#### EXERCISE DIRECTIONS
Every word in the data below belongs in your copy, exactly as given; the pictures do not.

[Extracted records]
=== Section Start ===

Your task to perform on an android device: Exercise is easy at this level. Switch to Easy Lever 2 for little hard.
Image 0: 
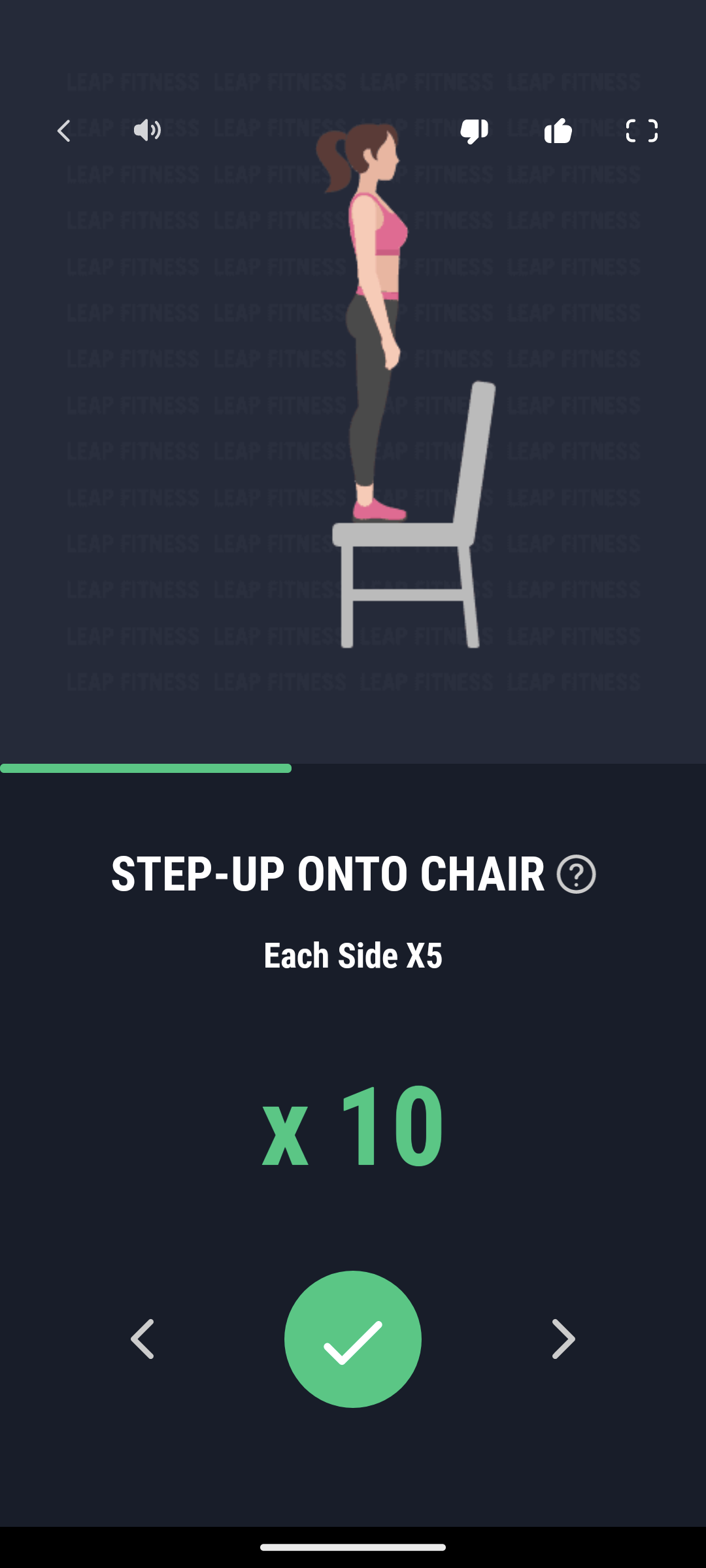
Go back to the previous screen
Step 0: press back button
Image 1: 
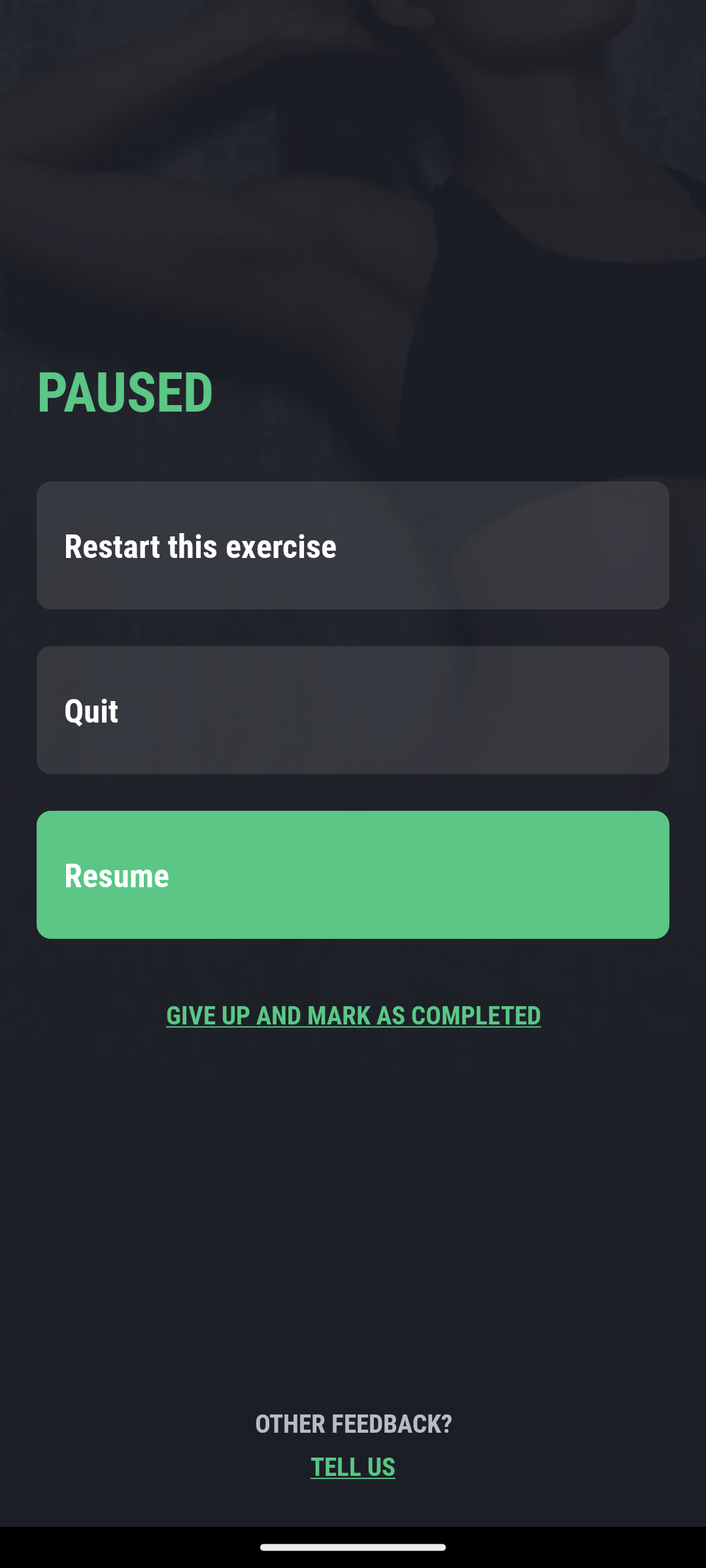
Click on the Quit 
Step 1: click (352, 710)
Image 2: 
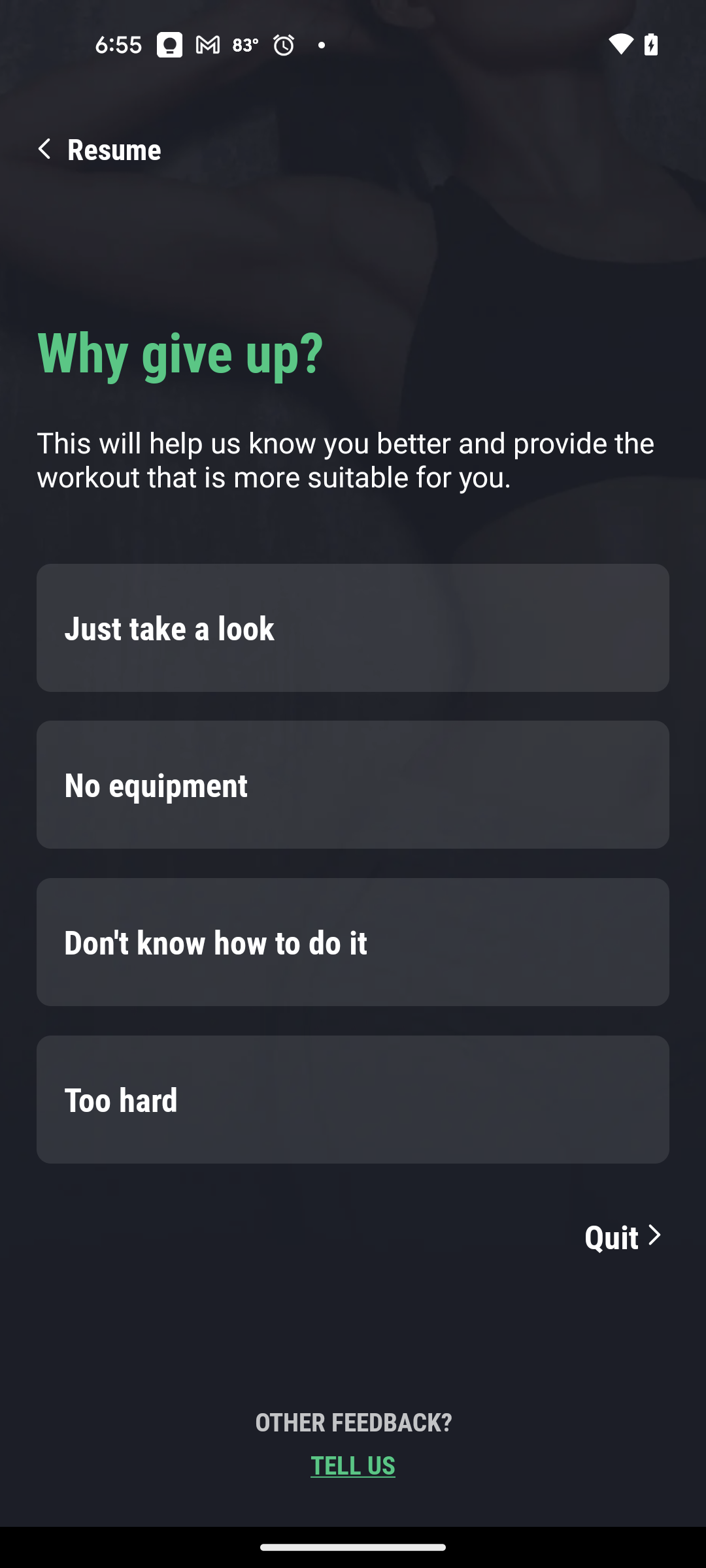
Click on the Quit
Step 2: click (626, 1236)
Image 4: 
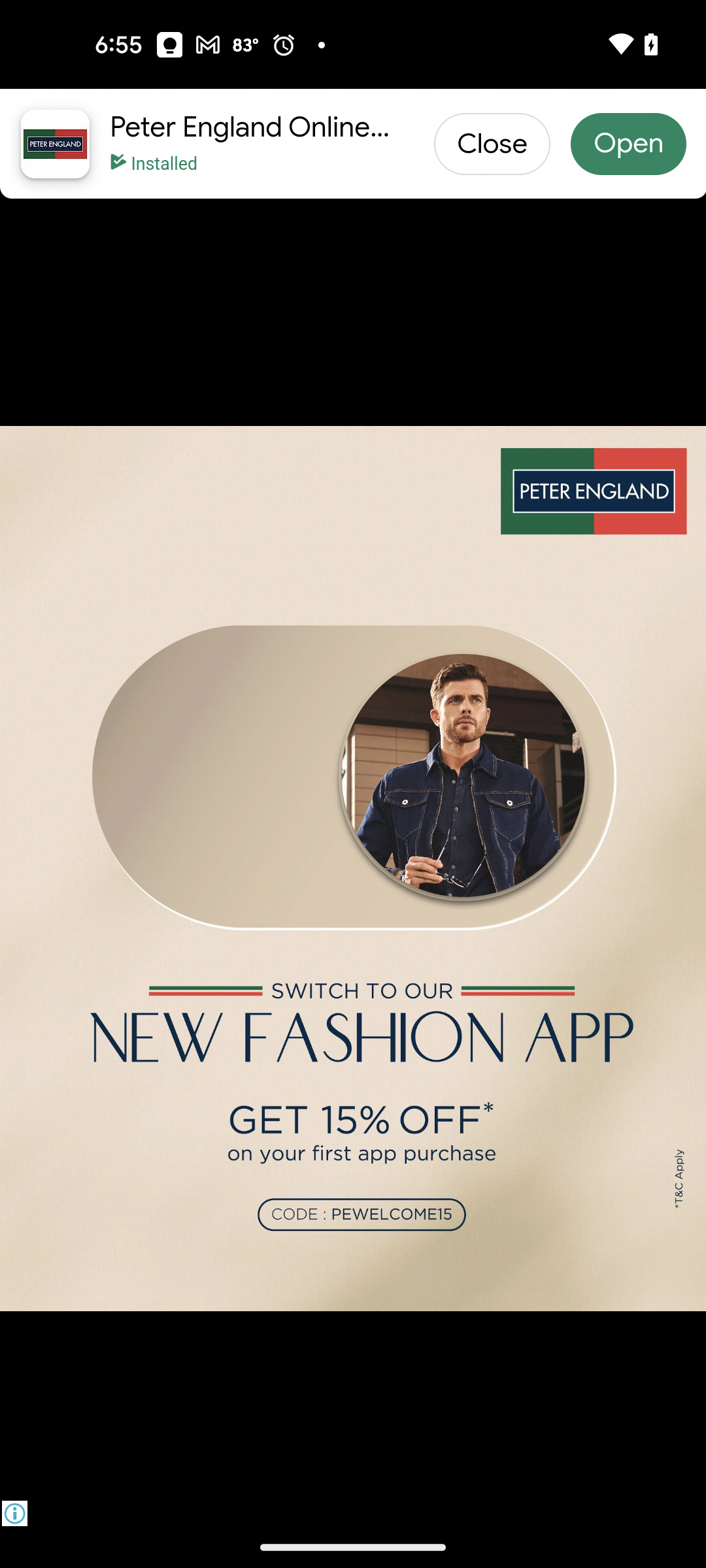
Click on the Close button at the top right of the screen
Step 4: click (492, 143)
Image 5: 
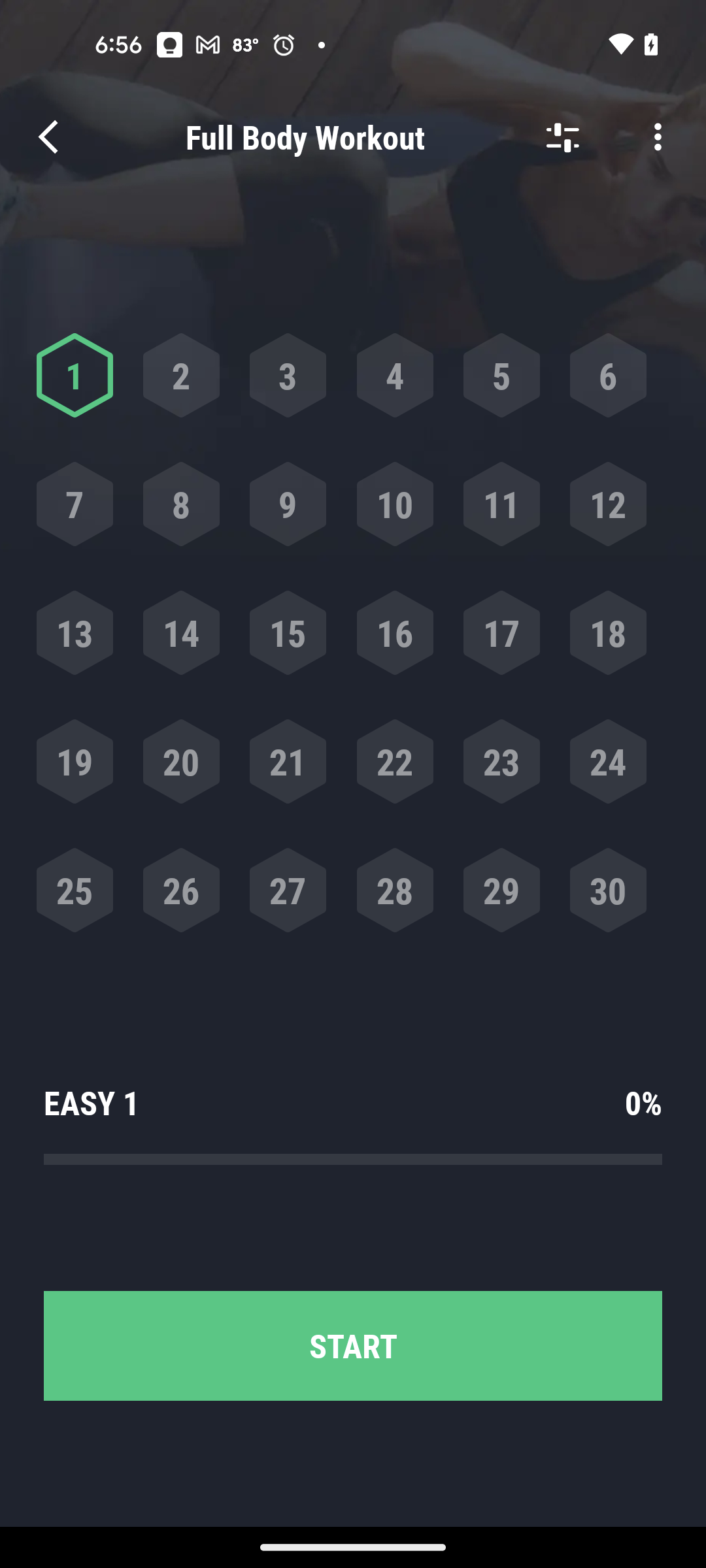
Click on the filter icon at the top right of the screen
Step 5: click (562, 136)
Image 6: 
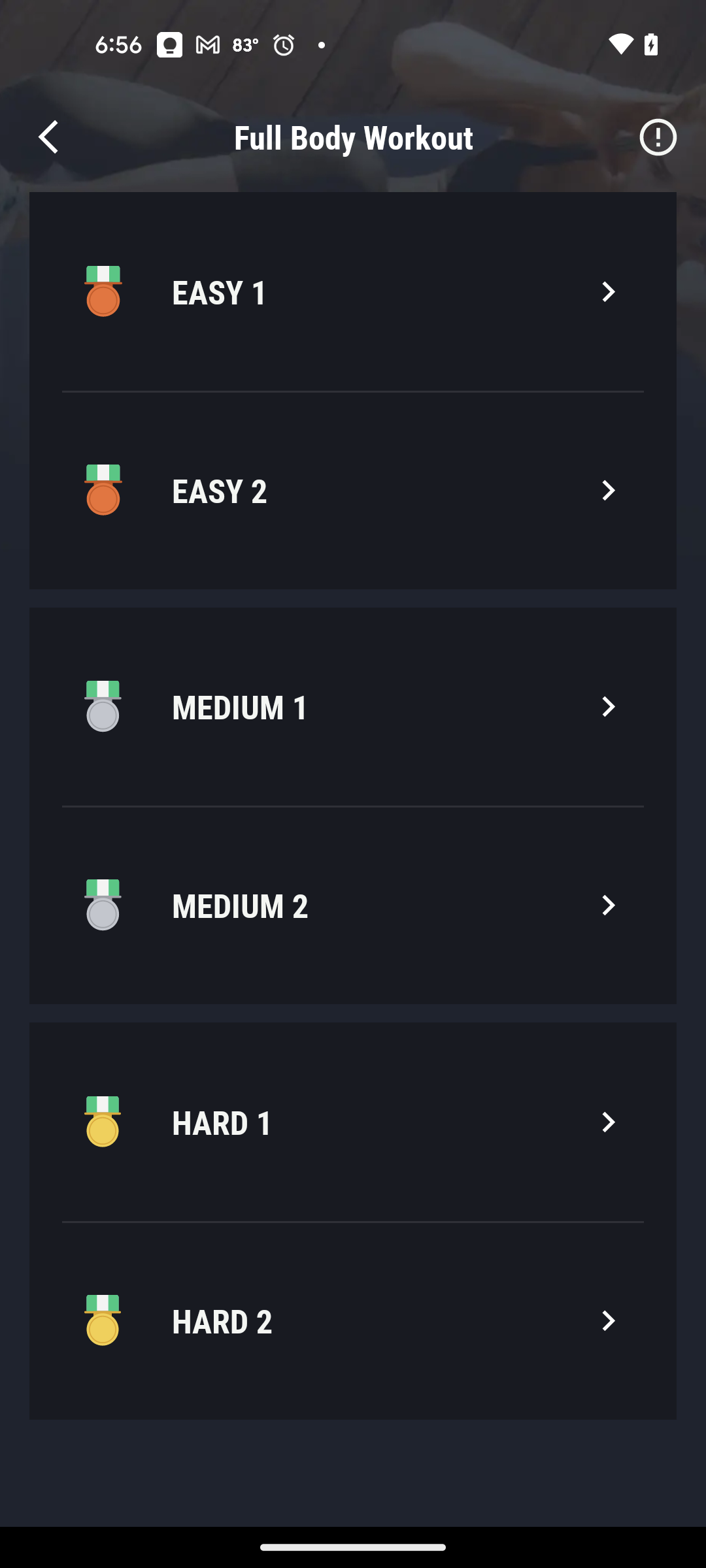
Click on the EASY 2
Step 6: click (353, 490)

=== Section End ===

#### ANSWER SPACE
Your task to perform on an android device: Exercise is easy at this level. Switch to Easy Lever 2 for little hard.
Image 0: 
Go back to the previous screen
Step 0: press back button
Image 1: 
Click on the Quit 
Step 1: click (352, 710)
Image 2: 
Click on the Quit
Step 2: click (626, 1236)
Image 4: 
Click on the Close button at the top right of the screen
Step 4: click (492, 143)
Image 5: 
Click on the filter icon at the top right of the screen
Step 5: click (562, 136)
Image 6: 
Click on the EASY 2
Step 6: click (353, 490)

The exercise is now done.